How should the device call for help? It can't use the main data bus
since it's likely already in use. Instead it puts a voltage on an
dedicated interrupt wire (part of the bus) which is often reserved for
that device alone. This signal is called an interrupt. There are the
equivalent of 16 such wires in a PC and each wire leads (indirectly)
to a certain device driver. Each wire has a unique IRQ (Interrupt
ReQuest) number. The device must put its interrupt on the correct
wire and the device driver must listen for the interrupt on the
correct wire. Which wire it's put on is determined by the IRQ number
stored in the device. This same IRQ number must be known to the
device driver so that the device driver knows which IRQ line to listen
to.
Once the device driver gets the interrupt (a call for help) it must
find out why the interrupt was issued and take appropriate action to
service the interrupt. On the ISA bus each device needs its own
unique IRQ number. For the PCI bus and other special cases the
sharing of IRQs is allowed.
2.5. DMA Channels
DMA channels are only for the ISA bus. DMA stands for "Direct Memory
Access". This is where a device is allowed to take over the main
computer bus from the CPU and transfer bytes directly to main memory.

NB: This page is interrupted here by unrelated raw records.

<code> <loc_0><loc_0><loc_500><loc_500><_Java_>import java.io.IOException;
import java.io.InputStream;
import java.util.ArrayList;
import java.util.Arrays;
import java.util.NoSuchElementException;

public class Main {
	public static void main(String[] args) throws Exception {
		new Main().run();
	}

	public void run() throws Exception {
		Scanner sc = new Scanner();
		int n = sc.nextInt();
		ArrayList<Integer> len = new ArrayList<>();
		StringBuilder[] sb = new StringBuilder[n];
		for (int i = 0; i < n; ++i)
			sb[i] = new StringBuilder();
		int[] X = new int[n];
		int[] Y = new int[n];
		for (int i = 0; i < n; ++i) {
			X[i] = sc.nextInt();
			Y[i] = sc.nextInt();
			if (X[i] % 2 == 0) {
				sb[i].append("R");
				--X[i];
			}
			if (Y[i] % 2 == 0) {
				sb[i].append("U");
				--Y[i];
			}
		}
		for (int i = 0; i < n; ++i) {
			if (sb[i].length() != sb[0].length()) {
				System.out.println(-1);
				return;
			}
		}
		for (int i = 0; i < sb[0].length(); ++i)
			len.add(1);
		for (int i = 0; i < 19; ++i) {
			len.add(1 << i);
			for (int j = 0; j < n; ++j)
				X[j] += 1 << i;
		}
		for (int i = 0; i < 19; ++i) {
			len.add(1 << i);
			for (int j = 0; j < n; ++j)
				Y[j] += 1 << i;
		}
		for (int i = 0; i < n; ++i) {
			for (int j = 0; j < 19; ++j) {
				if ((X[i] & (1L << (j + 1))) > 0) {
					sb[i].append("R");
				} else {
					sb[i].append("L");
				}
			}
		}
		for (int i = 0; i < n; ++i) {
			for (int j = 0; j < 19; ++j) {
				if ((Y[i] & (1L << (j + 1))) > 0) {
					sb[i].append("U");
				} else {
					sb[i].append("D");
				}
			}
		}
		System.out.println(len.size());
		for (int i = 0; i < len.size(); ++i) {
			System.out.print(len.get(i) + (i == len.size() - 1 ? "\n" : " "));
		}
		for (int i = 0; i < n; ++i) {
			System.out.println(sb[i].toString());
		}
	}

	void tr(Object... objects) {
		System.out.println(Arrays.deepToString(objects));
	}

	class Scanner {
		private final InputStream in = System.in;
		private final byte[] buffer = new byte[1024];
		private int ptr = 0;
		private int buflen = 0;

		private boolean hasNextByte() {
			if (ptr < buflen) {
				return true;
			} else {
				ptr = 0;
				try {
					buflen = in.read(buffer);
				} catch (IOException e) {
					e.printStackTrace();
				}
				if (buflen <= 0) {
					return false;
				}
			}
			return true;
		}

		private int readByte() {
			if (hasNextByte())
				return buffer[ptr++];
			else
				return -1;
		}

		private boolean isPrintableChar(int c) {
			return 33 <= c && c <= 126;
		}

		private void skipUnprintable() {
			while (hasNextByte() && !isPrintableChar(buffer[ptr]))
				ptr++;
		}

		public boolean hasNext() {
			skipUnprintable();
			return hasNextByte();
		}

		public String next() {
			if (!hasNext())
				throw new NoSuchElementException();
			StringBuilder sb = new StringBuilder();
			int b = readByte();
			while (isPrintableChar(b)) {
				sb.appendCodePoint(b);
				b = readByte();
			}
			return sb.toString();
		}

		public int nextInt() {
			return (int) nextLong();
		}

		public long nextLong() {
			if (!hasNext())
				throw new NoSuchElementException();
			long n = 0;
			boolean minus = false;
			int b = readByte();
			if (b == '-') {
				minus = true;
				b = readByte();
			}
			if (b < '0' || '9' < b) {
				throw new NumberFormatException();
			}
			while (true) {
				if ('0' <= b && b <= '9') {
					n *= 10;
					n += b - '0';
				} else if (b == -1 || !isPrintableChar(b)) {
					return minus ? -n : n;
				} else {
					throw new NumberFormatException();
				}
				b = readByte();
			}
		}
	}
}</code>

Normally the CPU would make such a transfer in a two step process: 1.
reading from the I/O memory space of the device and putting these
bytes into the CPU itself 2. writing these bytes from the CPU to main
memory. With DMA it's usually a one step process of sending the bytes
directly from the device to memory. The device must have such
capabilities built into its hardware and thus not all devices can do
DMA. While DMA is going on the CPU can't do too much since the main
bus is being used by The DMA transfer.
The PCI bus doesn't really have any DMA but instead it has something
even better: bus mastering. It works something like DMA and is
sometimes called DMA (for example, hard disk drives that call
themselves "UltraDMA"). It allows devices to temporarily become bus
masters and to transfer bytes almost like the bus master was the CPU.

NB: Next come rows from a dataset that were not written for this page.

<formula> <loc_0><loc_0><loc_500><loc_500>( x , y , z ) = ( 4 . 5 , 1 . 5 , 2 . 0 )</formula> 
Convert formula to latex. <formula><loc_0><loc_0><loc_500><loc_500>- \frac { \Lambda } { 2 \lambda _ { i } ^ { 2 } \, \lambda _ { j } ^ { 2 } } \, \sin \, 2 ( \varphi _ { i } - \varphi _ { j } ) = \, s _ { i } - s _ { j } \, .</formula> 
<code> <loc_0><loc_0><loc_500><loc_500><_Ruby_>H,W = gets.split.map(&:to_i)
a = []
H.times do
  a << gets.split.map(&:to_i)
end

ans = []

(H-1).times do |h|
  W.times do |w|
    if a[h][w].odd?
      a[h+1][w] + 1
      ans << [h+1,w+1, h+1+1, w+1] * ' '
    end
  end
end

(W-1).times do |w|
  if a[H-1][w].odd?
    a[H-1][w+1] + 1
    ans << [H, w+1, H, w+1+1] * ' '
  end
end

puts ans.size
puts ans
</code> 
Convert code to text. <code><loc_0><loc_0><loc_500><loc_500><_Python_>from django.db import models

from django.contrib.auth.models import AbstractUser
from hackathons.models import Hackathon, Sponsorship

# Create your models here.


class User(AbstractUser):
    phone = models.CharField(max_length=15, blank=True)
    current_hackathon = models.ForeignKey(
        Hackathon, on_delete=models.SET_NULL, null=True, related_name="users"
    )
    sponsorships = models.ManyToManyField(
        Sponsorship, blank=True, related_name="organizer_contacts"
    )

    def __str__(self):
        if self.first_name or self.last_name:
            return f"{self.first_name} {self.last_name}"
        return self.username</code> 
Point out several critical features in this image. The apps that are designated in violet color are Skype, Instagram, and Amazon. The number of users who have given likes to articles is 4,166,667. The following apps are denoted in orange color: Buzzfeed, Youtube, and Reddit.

It doesn't use any channel numbers since the organization of the PCI
bus is such that the PCI hardware knows which device is currently the
bus master and which device is requesting to become a bus master.
Thus there is no allocation of DMA channels for the PCI bus.
When a device on the ISA bus wants to do DMA it issues a DMA-request
using dedicated DMA request wires much like an interrupt request. DMA
actually could have been handled by using interrupts but this would
introduce some delays so it's faster to do it by having a special type
of interrupt known as a DMA-request. Like interrupts, DMA-request are
numbered so as to identify which device is making the request. This
number is called a DMA-channel. Since DMA transfers all use the main
bus (and only one can run at a time) they all actually use the same
channel but the "DMA channel" number serves to identify who is using
the "channel". Hardware registers exist on the motherboard which
store the current status of each "channel". Thus in order to issue a
DMA-request, the device must know its DMA-channel number which must be
stored in a register on the physical device.
2.6. Memory Ranges
Some devices are assigned address space in main memory. It's often
"shared memory" or "memory-mapped I/O". Sometimes it's ROM memory on
the device. When discussing PnP resources it's often just called
"memory". Such a device might also use I/O address space.
When you plug in such a card, you are in effect also plugging in a
memory module for main memory. This memory can either be ROM (Read
Only Memory) or shared memory. Shared memory is shared between the
device and the CPU (running the device driver). This memory can serve
as a means of direct data "transfer" between the device and main
memory. It's not really a transfer since the device puts data into
its own memory on its card which also happens to be in main memory.
Both the card and the device driver need to know where it is. The
memory address are likely to be very high so that they do not conflict
with the lower addresses of the memory chips in your computer.
ROM is different. It is likely a program (perhaps a device driver)
which will be used with the device. Hopefully, it may work with Linux
and not just Windows ?? It may need to be shadowed which means that
it is copied to your main memory chips in order to run faster. Once
it's shadowed it's no longer "read only".
2.7. "Resources" to both Device and Driver
Thus device drivers must be "attached" in some way to the hardware
they control. This is done by supplying "resources" (I/O, Memory,
IRQ's, DMA's) to both the physical device and the device driver
software. For example, a serial port uses only 2 (out of 4 possible)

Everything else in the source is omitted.